Several private, public, and government-funded (federal and state) health care systems in the United States offer health care coverage to all citizens. These programs consist mainly of Medicare ( for older people and low-income retirees) and Medicaid (for the disabled and low-income people). Other programs include the Children’s Health Insurance Program (CHIP) for children and TRICARE for military personnel and their families.
This article will explain the US medical insurance and health care system in detail, including how it works and how to navigate health care and health insurance coverage costs.
- America’s healthcare system in Comparison to Other Countries
- How does the US healthcare system work for Non-US Citizens?
- What is the Affordable Care Act?
- All you should know about US healthcare as new immigrants
- In Conclusion
America’s healthcare system in Comparison to Other Countries
According to the Organisation for Economic Co-operation and Development (OECD) statistics, US healthcare spending per capita is far greater than any other nation in the world.
For example, in 2019, the US spent ~17 percent of GDP (Gross Domestic Product) on healthcare, nearly double the average spending by any other OECD country.

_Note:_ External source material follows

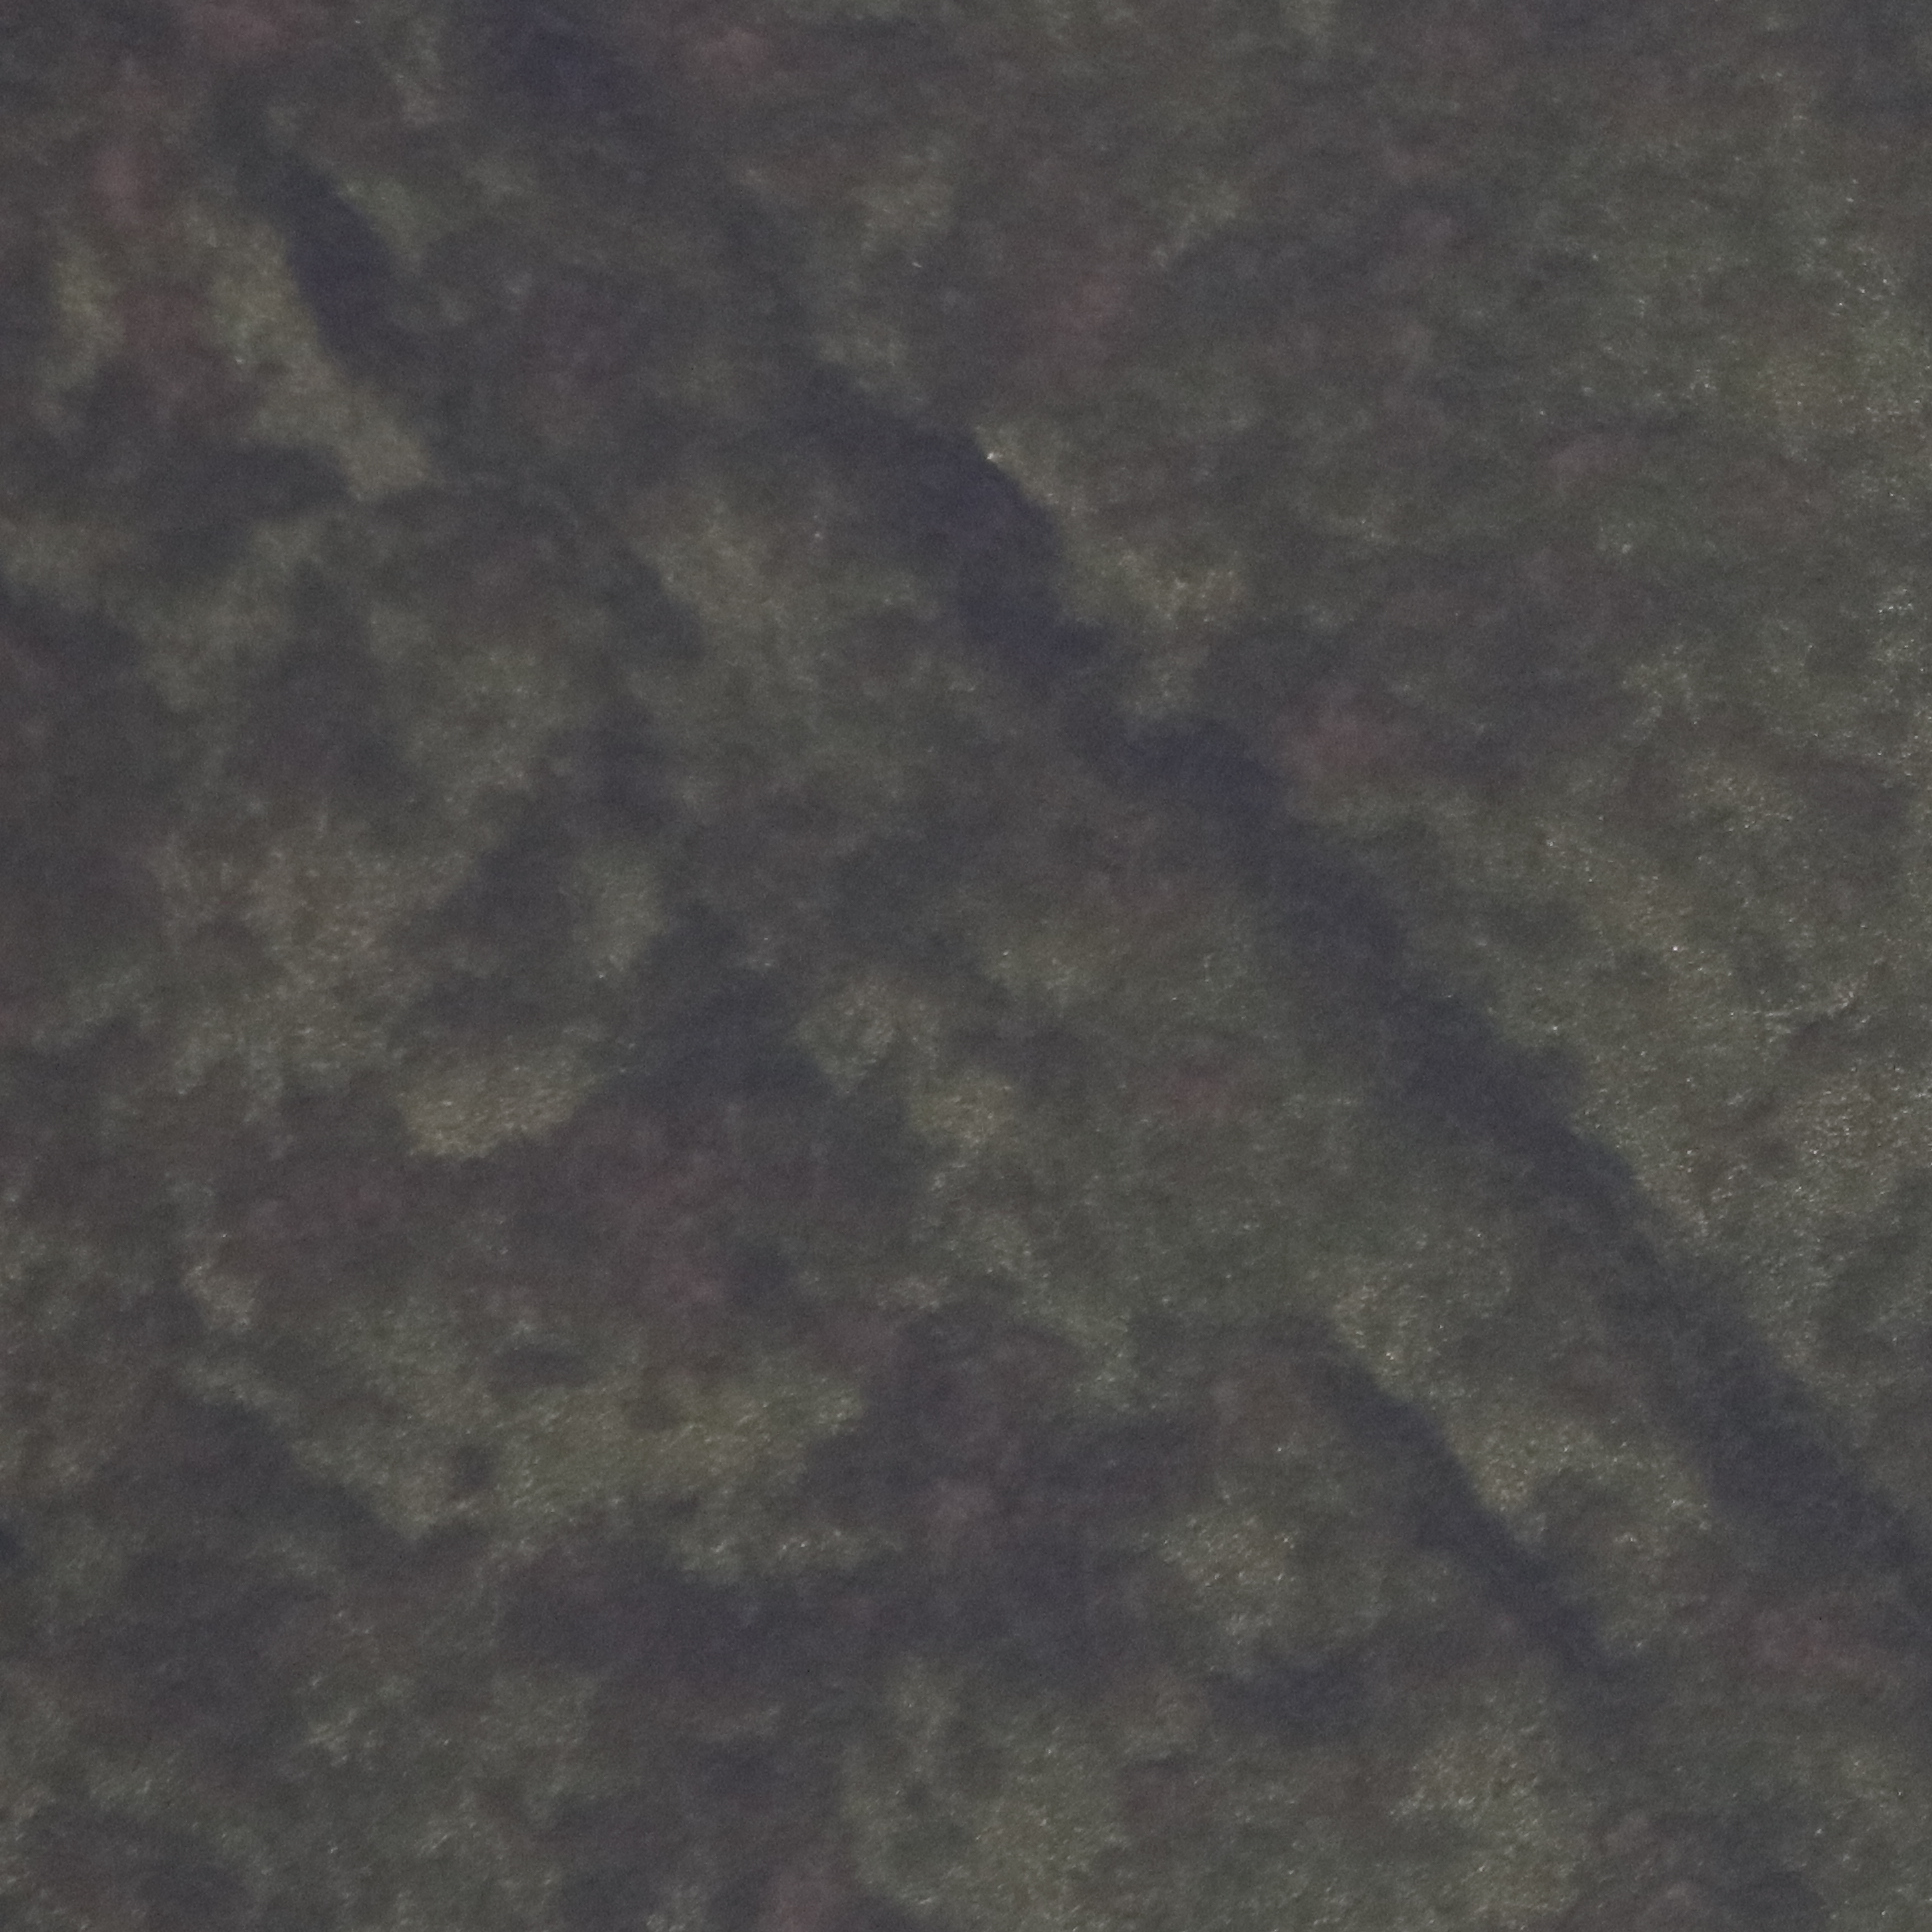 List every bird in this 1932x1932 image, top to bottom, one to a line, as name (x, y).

None

However, this doesn’t translate to better healthcare for Americans in comparison to other developed countries. For example, the US doesn’t have universal healthcare coverage, which means many Americans are uninsured with no health insurance.
US Healthcare Spending
United States public spending is comparable to that of other nations; however, out-of-pocket and private spendings are more significant than in most other OECD countries.
5 Things to know about the US health care system for New immigrants, Work visa holders, and International students
The United States has the most extensive and expensive health care system in the world. In 2019, 92.0 percent of Americans had health insurance that covered all or part of their medical expenses.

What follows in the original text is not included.